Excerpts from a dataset
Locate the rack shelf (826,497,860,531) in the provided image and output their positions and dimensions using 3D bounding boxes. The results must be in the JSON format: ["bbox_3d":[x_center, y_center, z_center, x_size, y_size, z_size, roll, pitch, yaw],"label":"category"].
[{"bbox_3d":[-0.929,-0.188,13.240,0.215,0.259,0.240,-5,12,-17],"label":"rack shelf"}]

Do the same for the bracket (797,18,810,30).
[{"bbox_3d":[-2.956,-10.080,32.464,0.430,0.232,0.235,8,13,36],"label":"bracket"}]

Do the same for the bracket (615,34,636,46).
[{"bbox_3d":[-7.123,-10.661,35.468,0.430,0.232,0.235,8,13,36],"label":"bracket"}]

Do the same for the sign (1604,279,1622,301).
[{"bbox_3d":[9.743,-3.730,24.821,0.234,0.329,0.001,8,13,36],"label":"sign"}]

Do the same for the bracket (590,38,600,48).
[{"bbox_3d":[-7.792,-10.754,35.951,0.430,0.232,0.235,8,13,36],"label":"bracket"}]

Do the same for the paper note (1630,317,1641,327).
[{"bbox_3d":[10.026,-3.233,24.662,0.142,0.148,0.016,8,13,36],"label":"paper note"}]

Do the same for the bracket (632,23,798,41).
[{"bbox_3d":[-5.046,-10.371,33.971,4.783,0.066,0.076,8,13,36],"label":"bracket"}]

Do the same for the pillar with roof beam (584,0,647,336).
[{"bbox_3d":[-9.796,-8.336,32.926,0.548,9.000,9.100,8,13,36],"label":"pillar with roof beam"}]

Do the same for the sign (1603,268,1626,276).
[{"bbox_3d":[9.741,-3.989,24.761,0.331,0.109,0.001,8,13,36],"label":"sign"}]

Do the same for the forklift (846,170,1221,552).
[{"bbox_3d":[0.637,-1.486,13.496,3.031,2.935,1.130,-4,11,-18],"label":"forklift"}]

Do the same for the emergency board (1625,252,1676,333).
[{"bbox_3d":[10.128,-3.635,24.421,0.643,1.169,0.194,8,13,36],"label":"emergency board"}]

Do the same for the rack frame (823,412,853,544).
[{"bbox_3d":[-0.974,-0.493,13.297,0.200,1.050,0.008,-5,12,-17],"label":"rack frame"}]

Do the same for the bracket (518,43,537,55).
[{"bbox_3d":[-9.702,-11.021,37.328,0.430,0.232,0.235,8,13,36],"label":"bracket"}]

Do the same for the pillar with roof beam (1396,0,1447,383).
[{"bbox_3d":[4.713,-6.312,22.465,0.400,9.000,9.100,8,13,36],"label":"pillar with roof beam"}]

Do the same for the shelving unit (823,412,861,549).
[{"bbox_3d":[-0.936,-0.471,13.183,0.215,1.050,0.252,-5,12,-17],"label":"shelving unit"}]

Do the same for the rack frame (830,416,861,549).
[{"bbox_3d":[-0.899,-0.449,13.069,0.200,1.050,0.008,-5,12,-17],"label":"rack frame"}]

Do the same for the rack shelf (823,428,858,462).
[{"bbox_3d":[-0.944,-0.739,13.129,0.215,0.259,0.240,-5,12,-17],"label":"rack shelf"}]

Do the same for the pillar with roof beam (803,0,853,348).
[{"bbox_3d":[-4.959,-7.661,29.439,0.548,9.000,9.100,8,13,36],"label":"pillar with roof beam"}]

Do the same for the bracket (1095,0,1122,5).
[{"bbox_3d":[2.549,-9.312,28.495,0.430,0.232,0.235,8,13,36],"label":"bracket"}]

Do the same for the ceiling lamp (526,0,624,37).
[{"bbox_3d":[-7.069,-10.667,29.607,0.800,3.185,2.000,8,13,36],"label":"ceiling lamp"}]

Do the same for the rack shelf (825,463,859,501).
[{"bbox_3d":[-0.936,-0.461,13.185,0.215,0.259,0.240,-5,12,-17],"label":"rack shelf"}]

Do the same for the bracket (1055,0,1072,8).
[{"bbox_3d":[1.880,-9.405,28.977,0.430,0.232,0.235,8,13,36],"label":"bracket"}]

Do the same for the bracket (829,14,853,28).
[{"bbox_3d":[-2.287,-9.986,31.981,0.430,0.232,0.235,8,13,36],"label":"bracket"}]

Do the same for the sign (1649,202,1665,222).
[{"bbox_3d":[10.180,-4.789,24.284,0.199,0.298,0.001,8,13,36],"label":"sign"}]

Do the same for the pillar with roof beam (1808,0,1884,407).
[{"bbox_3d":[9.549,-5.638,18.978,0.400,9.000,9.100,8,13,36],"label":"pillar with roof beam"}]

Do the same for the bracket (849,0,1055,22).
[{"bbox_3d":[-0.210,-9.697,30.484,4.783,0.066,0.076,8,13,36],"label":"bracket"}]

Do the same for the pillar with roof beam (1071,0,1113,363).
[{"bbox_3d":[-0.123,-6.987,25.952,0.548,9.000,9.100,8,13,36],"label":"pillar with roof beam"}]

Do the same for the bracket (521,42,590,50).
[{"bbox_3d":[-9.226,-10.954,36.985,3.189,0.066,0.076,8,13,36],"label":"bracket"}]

==

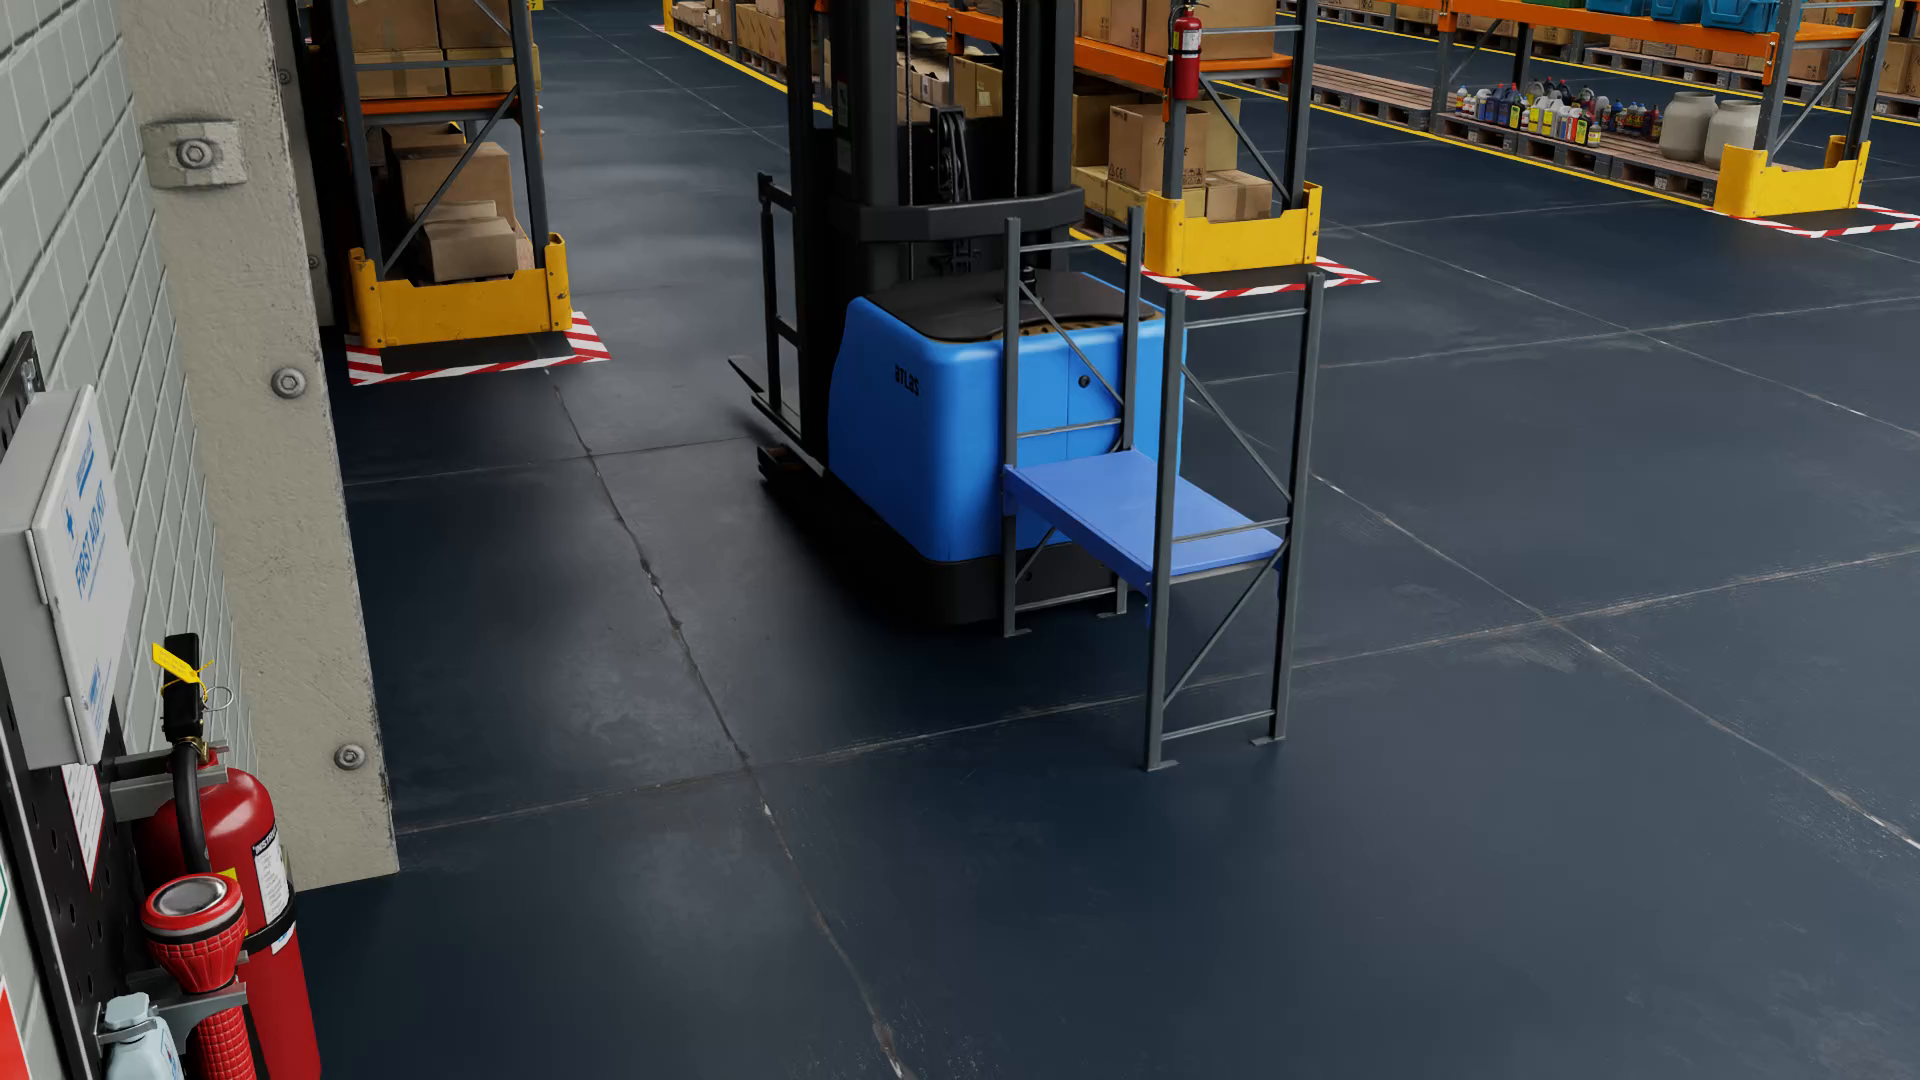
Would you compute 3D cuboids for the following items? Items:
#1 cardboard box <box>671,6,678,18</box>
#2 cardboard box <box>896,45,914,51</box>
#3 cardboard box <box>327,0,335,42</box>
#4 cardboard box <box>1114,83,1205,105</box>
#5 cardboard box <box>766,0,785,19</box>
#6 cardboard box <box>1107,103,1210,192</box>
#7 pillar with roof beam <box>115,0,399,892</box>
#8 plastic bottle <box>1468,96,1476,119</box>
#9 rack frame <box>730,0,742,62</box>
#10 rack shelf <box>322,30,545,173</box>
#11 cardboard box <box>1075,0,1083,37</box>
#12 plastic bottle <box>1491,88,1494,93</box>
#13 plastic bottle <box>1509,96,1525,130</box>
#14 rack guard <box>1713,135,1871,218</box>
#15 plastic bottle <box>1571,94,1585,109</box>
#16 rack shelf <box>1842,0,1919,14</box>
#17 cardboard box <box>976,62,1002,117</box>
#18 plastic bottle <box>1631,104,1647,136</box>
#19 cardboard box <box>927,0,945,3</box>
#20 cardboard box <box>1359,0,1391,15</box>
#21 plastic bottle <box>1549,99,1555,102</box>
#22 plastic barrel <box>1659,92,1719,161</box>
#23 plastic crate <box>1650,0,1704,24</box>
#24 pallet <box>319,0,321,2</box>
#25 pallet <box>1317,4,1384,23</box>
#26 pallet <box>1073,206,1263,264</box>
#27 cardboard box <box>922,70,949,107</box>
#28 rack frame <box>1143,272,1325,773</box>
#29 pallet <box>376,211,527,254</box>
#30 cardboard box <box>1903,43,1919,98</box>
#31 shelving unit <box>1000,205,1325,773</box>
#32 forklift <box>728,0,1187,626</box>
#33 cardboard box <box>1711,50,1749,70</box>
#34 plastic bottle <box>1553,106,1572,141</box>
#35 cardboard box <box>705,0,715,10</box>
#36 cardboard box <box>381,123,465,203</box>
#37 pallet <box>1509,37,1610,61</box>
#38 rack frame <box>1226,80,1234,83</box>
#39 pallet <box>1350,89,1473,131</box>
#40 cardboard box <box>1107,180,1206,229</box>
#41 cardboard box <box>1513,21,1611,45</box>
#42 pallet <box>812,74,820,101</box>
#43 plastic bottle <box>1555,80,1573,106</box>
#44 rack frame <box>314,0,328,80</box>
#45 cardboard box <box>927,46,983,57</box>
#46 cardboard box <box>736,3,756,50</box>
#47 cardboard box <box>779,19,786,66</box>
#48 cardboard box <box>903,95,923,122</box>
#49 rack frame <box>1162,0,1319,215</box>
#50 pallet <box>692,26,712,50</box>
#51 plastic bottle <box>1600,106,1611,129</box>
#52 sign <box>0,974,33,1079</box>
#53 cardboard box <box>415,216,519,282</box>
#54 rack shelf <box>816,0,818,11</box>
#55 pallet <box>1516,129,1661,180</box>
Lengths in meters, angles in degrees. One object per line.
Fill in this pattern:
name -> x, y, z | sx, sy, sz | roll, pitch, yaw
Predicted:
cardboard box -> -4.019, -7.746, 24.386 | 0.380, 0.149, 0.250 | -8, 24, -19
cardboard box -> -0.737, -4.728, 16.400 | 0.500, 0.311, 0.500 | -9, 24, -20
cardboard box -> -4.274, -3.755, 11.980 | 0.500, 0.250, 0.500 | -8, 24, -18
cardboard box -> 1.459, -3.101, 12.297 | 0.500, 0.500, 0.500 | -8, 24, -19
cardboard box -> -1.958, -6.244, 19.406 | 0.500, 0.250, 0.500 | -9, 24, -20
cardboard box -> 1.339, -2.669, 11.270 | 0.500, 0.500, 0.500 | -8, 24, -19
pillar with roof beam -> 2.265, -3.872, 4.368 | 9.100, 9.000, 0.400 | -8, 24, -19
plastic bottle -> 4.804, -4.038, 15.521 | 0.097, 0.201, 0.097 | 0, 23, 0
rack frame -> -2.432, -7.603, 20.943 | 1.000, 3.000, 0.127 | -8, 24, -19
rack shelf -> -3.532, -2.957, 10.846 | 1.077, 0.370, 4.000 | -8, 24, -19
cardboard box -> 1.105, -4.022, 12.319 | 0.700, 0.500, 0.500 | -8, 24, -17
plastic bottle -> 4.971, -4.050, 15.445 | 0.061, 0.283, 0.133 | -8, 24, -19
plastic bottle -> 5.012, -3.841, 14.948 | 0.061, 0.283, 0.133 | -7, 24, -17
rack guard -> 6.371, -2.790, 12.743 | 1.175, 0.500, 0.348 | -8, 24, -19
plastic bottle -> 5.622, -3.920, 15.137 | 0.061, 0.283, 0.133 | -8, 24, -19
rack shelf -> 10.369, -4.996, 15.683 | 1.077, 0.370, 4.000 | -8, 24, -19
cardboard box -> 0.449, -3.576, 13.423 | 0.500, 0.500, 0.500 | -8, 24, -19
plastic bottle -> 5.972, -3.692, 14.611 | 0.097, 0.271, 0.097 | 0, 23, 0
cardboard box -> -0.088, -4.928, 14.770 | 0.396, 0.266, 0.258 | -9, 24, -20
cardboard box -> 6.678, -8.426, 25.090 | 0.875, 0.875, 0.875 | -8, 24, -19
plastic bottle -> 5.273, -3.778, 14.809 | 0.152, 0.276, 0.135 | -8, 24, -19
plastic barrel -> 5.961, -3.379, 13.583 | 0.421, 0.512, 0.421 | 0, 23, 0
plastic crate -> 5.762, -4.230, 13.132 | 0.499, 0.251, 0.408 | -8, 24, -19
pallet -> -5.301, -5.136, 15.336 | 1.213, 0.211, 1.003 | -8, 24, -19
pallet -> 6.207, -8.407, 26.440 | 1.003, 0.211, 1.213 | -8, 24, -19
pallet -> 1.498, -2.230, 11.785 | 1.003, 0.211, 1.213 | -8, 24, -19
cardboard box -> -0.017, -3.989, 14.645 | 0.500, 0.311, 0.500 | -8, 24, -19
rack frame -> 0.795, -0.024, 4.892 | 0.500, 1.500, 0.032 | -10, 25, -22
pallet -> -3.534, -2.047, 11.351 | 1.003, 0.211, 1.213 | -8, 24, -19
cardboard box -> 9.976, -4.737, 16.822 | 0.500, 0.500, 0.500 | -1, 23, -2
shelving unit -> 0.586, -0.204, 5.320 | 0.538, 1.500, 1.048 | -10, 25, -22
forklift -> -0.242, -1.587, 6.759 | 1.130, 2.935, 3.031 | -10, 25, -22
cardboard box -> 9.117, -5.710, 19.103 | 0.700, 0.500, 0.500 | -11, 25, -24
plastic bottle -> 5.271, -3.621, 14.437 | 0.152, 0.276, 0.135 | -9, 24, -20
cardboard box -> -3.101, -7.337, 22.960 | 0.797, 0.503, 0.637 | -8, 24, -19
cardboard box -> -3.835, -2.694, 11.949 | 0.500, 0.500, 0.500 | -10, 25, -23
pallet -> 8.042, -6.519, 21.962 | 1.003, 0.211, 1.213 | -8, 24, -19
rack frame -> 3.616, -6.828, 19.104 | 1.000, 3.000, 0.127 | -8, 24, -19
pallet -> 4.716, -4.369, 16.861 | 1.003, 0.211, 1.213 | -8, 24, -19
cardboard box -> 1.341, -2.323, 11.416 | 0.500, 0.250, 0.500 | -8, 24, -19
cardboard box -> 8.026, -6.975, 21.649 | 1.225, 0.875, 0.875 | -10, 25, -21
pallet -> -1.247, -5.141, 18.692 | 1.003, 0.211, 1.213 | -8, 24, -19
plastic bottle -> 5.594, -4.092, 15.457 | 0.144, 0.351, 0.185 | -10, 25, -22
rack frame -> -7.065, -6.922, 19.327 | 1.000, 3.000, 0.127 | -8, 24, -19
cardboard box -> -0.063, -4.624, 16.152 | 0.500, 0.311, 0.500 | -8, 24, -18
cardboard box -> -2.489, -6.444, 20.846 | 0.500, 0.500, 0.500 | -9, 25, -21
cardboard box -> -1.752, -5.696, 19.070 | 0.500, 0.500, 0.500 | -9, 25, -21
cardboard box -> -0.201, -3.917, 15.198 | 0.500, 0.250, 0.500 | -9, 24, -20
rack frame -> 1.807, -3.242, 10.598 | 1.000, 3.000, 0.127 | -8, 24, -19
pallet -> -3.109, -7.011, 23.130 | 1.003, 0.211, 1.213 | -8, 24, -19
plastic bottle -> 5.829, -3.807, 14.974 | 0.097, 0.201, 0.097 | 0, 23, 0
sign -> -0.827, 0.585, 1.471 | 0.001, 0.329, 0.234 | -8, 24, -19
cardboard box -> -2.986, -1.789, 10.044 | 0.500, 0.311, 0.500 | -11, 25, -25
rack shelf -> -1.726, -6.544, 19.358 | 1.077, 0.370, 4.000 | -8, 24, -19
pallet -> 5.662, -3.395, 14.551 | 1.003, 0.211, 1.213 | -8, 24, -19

WORK ORDER:
From the records above, retype only the lines starting at the line that contains "#15 plastic bottle" and ending at the line that contains "name -> x, y, z", both included.

RESPONSE:
#15 plastic bottle <box>1571,94,1585,109</box>
#16 rack shelf <box>1842,0,1919,14</box>
#17 cardboard box <box>976,62,1002,117</box>
#18 plastic bottle <box>1631,104,1647,136</box>
#19 cardboard box <box>927,0,945,3</box>
#20 cardboard box <box>1359,0,1391,15</box>
#21 plastic bottle <box>1549,99,1555,102</box>
#22 plastic barrel <box>1659,92,1719,161</box>
#23 plastic crate <box>1650,0,1704,24</box>
#24 pallet <box>319,0,321,2</box>
#25 pallet <box>1317,4,1384,23</box>
#26 pallet <box>1073,206,1263,264</box>
#27 cardboard box <box>922,70,949,107</box>
#28 rack frame <box>1143,272,1325,773</box>
#29 pallet <box>376,211,527,254</box>
#30 cardboard box <box>1903,43,1919,98</box>
#31 shelving unit <box>1000,205,1325,773</box>
#32 forklift <box>728,0,1187,626</box>
#33 cardboard box <box>1711,50,1749,70</box>
#34 plastic bottle <box>1553,106,1572,141</box>
#35 cardboard box <box>705,0,715,10</box>
#36 cardboard box <box>381,123,465,203</box>
#37 pallet <box>1509,37,1610,61</box>
#38 rack frame <box>1226,80,1234,83</box>
#39 pallet <box>1350,89,1473,131</box>
#40 cardboard box <box>1107,180,1206,229</box>
#41 cardboard box <box>1513,21,1611,45</box>
#42 pallet <box>812,74,820,101</box>
#43 plastic bottle <box>1555,80,1573,106</box>
#44 rack frame <box>314,0,328,80</box>
#45 cardboard box <box>927,46,983,57</box>
#46 cardboard box <box>736,3,756,50</box>
#47 cardboard box <box>779,19,786,66</box>
#48 cardboard box <box>903,95,923,122</box>
#49 rack frame <box>1162,0,1319,215</box>
#50 pallet <box>692,26,712,50</box>
#51 plastic bottle <box>1600,106,1611,129</box>
#52 sign <box>0,974,33,1079</box>
#53 cardboard box <box>415,216,519,282</box>
#54 rack shelf <box>816,0,818,11</box>
#55 pallet <box>1516,129,1661,180</box>
Lengths in meters, angles in degrees. One object per line.
Fill in this pattern:
name -> x, y, z | sx, sy, sz | roll, pitch, yaw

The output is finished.